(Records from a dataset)

%%

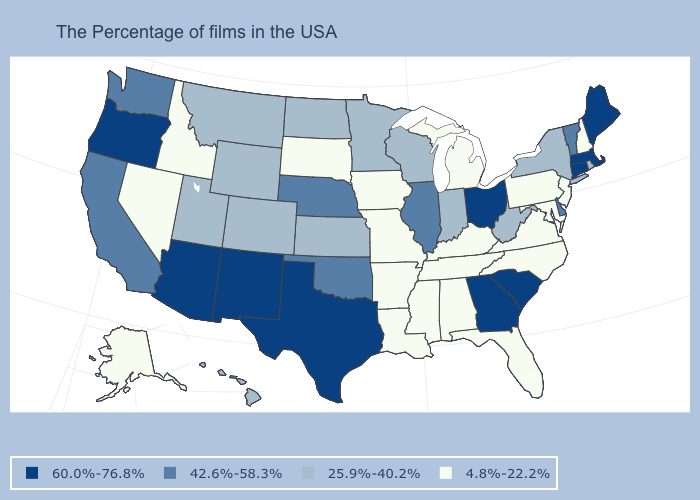What is the highest value in states that border Idaho?
Quick response, please. 60.0%-76.8%. Is the legend a continuous bar?
Short answer required. No. Does Texas have the same value as Ohio?
Short answer required. Yes. What is the value of Pennsylvania?
Concise answer only. 4.8%-22.2%. Does Ohio have the highest value in the USA?
Write a very short answer. Yes. What is the value of Wyoming?
Give a very brief answer. 25.9%-40.2%. What is the value of New Mexico?
Be succinct. 60.0%-76.8%. Name the states that have a value in the range 60.0%-76.8%?
Concise answer only. Maine, Massachusetts, Connecticut, South Carolina, Ohio, Georgia, Texas, New Mexico, Arizona, Oregon. Which states have the highest value in the USA?
Write a very short answer. Maine, Massachusetts, Connecticut, South Carolina, Ohio, Georgia, Texas, New Mexico, Arizona, Oregon. What is the value of Georgia?
Give a very brief answer. 60.0%-76.8%. What is the highest value in the MidWest ?
Write a very short answer. 60.0%-76.8%. What is the lowest value in states that border Wyoming?
Quick response, please. 4.8%-22.2%. What is the lowest value in the MidWest?
Quick response, please. 4.8%-22.2%. Name the states that have a value in the range 42.6%-58.3%?
Quick response, please. Vermont, Delaware, Illinois, Nebraska, Oklahoma, California, Washington. What is the highest value in the West ?
Short answer required. 60.0%-76.8%.

%%

▸ Instructions for the task:
State how many lines of the data above contain the word "Write", and include nothing other than that number.

▸ Output of the exercise:
3